THE INDEPENDENT ON SUNDAY: World View: Kingdom that represses its Shia majority is to receive seal of approval from the Duke of York
The Duke of York will be the keynote speaker at a conference in London this Friday celebrating Bahrain as a place of religious freedom and tolerance of divergent opinions. Speaking during a visit to Bahrain last month, he said: "I believe that what's happening in Bahrain is a source of hope for many people in the world and a source of pride for Bahrainis."
This is very strange, as the island kingdom of Bahrain has a proven record of jailing and torturing protesters demanding democratic rights for the Shia majority, an estimated 60 per cent of Bahraini citizens, from the Sunni al-Khalifa monarchy. In its annual report on human rights, the US State Department identifies many abuses, the most serious of which include "citizens' inability to change their government peacefully; arrest and detention of protesters on vague charges, in some cases leading to their torture in detention". It draws attention to the fact that "discrimination [has] continued against the Shia population".
None of this should be too surprising. In March 2011, the government in Bahrain crushed the Bahraini version of the Arab Spring, treating protesters and anybody associated with them, such as doctors who treated injured demonstrators, with extreme brutality.

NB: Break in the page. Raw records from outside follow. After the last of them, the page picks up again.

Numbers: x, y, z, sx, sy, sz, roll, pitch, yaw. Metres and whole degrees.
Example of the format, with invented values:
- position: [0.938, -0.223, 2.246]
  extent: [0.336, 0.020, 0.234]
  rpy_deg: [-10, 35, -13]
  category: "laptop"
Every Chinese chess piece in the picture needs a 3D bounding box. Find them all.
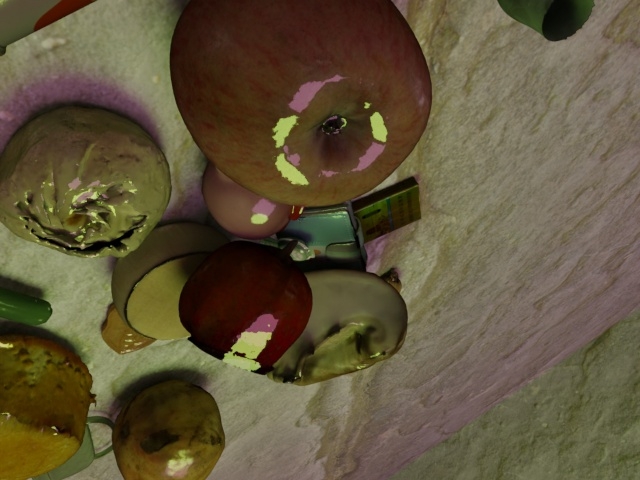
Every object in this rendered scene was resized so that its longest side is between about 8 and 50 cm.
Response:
- position: [-0.270, 0.083, 1.053]
  extent: [0.249, 0.103, 0.250]
  rpy_deg: [-19, 137, -18]
  category: "Chinese chess piece"

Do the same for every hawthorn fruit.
- position: [-0.119, 0.096, 0.937]
  extent: [0.215, 0.215, 0.250]
  rpy_deg: [23, 112, -44]
  category: "hawthorn fruit"

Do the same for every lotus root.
- position: [0.169, 0.143, 1.422]
  extent: [0.072, 0.063, 0.152]
  rpy_deg: [-15, 139, -29]
  category: "lotus root"

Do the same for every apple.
- position: [-0.014, -0.196, 0.717]
  extent: [0.344, 0.269, 0.345]
  rpy_deg: [-15, 120, -28]
  category: "apple"

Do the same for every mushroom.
- position: [0.006, 0.200, 1.239]
  extent: [0.313, 0.224, 0.397]
  rpy_deg: [-14, 163, -7]
  category: "mushroom"

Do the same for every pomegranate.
- position: [-0.375, 0.491, 1.356]
  extent: [0.281, 0.281, 0.281]
  rpy_deg: [-16, 141, -13]
  category: "pomegranate"

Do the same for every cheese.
- position: [-0.067, 0.013, 1.070]
  extent: [0.120, 0.026, 0.067]
  rpy_deg: [14, 147, 21]
  category: "cheese"

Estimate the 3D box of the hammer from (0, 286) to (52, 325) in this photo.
- position: [-0.582, 0.075, 0.893]
  extent: [0.206, 0.119, 0.335]
  rpy_deg: [-33, 148, 10]
  category: "hammer"

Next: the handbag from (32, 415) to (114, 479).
- position: [-0.637, 0.531, 1.414]
  extent: [0.219, 0.079, 0.256]
  rpy_deg: [-11, 142, -24]
  category: "handbag"

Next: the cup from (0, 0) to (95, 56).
- position: [-0.240, -0.332, 0.549]
  extent: [0.288, 0.203, 0.203]
  rpy_deg: [-27, 143, -10]
  category: "cup"

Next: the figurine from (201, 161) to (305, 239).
- position: [-0.114, -0.086, 0.917]
  extent: [0.173, 0.173, 0.173]
  rpy_deg: [-16, 141, -13]
  category: "figurine"

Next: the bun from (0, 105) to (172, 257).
- position: [-0.344, -0.065, 0.820]
  extent: [0.259, 0.152, 0.259]
  rpy_deg: [-15, 139, -13]
  category: "bun"

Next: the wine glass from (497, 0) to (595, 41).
- position: [0.294, -0.367, 0.780]
  extent: [0.092, 0.202, 0.093]
  rpy_deg: [-16, 143, -13]
  category: "wine glass"

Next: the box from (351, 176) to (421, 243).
- position: [0.125, -0.054, 1.193]
  extent: [0.193, 0.030, 0.121]
  rpy_deg: [-23, 142, -3]
  category: "box"

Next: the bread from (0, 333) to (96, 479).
- position: [-0.642, 0.340, 1.079]
  extent: [0.336, 0.204, 0.358]
  rpy_deg: [-36, 138, 7]
  category: "bread"

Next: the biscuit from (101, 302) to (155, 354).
- position: [-0.390, 0.176, 1.172]
  extent: [0.141, 0.029, 0.221]
  rpy_deg: [8, 131, -36]
  category: "biscuit"

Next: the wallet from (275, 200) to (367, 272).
- position: [0.000, 0.000, 1.123]
  extent: [0.176, 0.075, 0.250]
  rpy_deg: [-6, 144, 10]
  category: "wallet"
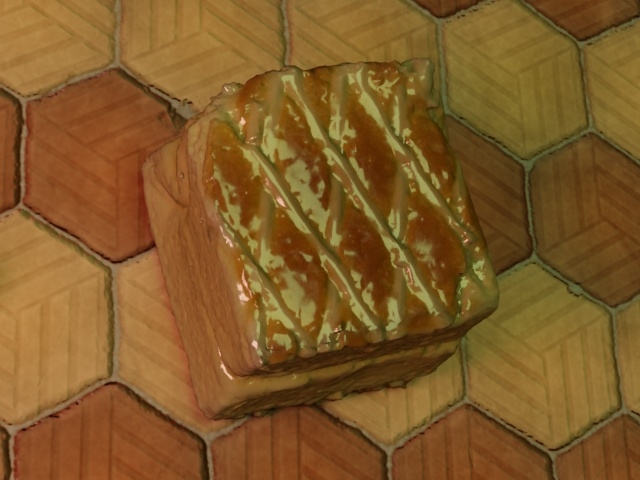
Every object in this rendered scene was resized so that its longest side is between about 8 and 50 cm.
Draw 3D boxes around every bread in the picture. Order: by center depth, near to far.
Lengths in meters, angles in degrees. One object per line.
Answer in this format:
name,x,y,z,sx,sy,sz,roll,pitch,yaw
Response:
bread,0.000,0.000,1.888,0.371,0.279,0.390,-8,76,-23
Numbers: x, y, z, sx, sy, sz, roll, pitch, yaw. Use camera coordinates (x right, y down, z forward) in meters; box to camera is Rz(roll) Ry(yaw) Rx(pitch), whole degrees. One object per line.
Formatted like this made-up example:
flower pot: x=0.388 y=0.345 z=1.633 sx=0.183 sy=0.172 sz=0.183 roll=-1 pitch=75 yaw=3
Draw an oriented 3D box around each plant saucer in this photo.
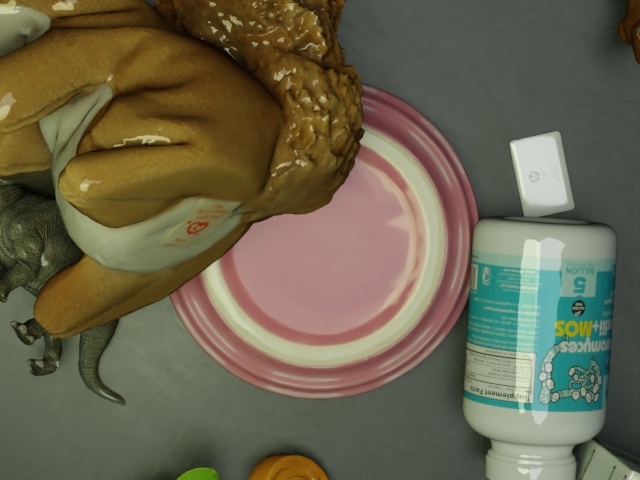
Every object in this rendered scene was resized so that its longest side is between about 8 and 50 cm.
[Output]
plant saucer: x=0.000 y=0.000 z=1.838 sx=0.332 sy=0.084 sz=0.332 roll=0 pitch=94 yaw=-2

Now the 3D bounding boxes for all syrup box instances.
syrup box: x=0.304 y=0.267 z=1.793 sx=0.093 sy=0.237 sz=0.096 roll=24 pitch=92 yaw=-5

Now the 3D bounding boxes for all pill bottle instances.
pill bottle: x=0.219 y=0.111 z=1.824 sx=0.146 sy=0.146 sz=0.264 roll=3 pitch=95 yaw=-3

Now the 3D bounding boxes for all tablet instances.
tablet: x=0.230 y=-0.068 z=1.882 sx=0.054 sy=0.006 sz=0.083 roll=-12 pitch=94 yaw=-1

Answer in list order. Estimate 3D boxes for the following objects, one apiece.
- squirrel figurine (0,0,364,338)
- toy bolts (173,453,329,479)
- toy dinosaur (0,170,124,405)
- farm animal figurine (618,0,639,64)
squirrel figurine: x=-0.161 y=-0.173 z=1.708 sx=0.397 sy=0.281 sz=0.370 roll=-21 pitch=66 yaw=-16
toy bolts: x=-0.092 y=0.341 z=1.859 sx=0.218 sy=0.158 sz=0.229 roll=-16 pitch=83 yaw=-41
toy dinosaur: x=-0.260 y=0.032 z=1.806 sx=0.160 sy=0.121 sz=0.313 roll=-47 pitch=107 yaw=-25
farm animal figurine: x=0.458 y=-0.245 z=1.757 sx=0.330 sy=0.172 sz=0.327 roll=26 pitch=90 yaw=12
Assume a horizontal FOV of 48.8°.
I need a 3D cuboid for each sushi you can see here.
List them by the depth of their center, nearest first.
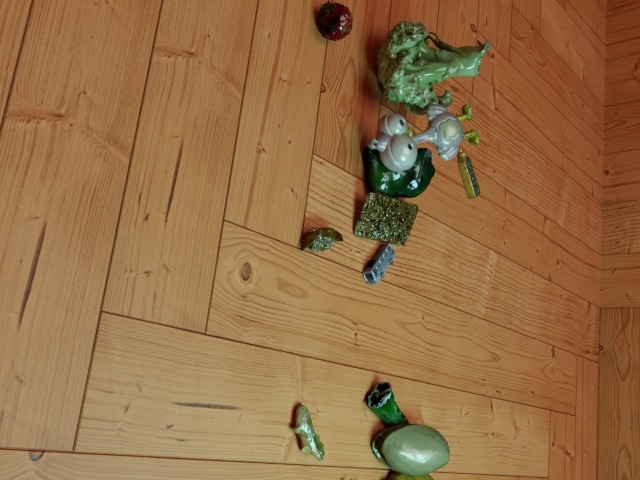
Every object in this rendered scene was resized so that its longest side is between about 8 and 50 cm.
[{"bbox_3d":[0.000,0.000,1.734,0.120,0.052,0.055,-5,74,-51],"label":"sushi"}]

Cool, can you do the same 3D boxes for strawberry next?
[{"bbox_3d":[0.043,-0.560,1.810,0.106,0.106,0.106,7,80,-49],"label":"strawberry"}]

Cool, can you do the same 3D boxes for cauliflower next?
[{"bbox_3d":[0.292,-0.466,1.964,0.327,0.281,0.260,-43,153,-48],"label":"cauliflower"}]

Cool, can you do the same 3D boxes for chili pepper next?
[{"bbox_3d":[0.197,0.480,1.908,0.088,0.059,0.227,-46,127,-22],"label":"chili pepper"},{"bbox_3d":[0.238,-0.185,1.978,0.264,0.116,0.148,0,89,-49],"label":"chili pepper"}]

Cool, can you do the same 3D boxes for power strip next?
[{"bbox_3d":[0.490,-0.221,2.342,0.049,0.028,0.178,-38,114,-44],"label":"power strip"}]

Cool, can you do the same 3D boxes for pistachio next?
[{"bbox_3d":[0.245,0.557,1.880,0.226,0.136,0.136,14,74,-24],"label":"pistachio"}]

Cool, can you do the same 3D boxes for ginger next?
[{"bbox_3d":[-0.032,0.452,1.652,0.057,0.044,0.137,-22,98,-18],"label":"ginger"}]

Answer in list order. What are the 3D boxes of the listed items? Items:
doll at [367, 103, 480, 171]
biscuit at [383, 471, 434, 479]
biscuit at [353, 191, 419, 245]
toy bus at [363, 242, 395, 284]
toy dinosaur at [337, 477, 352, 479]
[{"bbox_3d":[0.273,-0.281,1.900,0.365,0.094,0.160,-16,92,-34],"label":"doll"},{"bbox_3d":[0.244,0.781,1.892,0.326,0.107,0.325,2,87,-47],"label":"biscuit"},{"bbox_3d":[0.186,-0.056,1.937,0.231,0.025,0.131,9,103,-48],"label":"biscuit"},{"bbox_3d":[0.161,0.063,1.921,0.052,0.037,0.130,59,46,-24],"label":"toy bus"},{"bbox_3d":[0.067,0.610,1.756,0.113,0.026,0.041,-16,104,-40],"label":"toy dinosaur"}]

The Bahrain independent commission of inquiry, set up by the Bahraini government itself, described at least 18 different techniques used to mistreat or torture detainees including electric shocks, beating on the soles of the feet with rubber hoses, sleep deprivation and threats of rape. More than 30 Shia mosques, religious meeting places and holy sites were bulldozed on the pretext that they had no planning permission.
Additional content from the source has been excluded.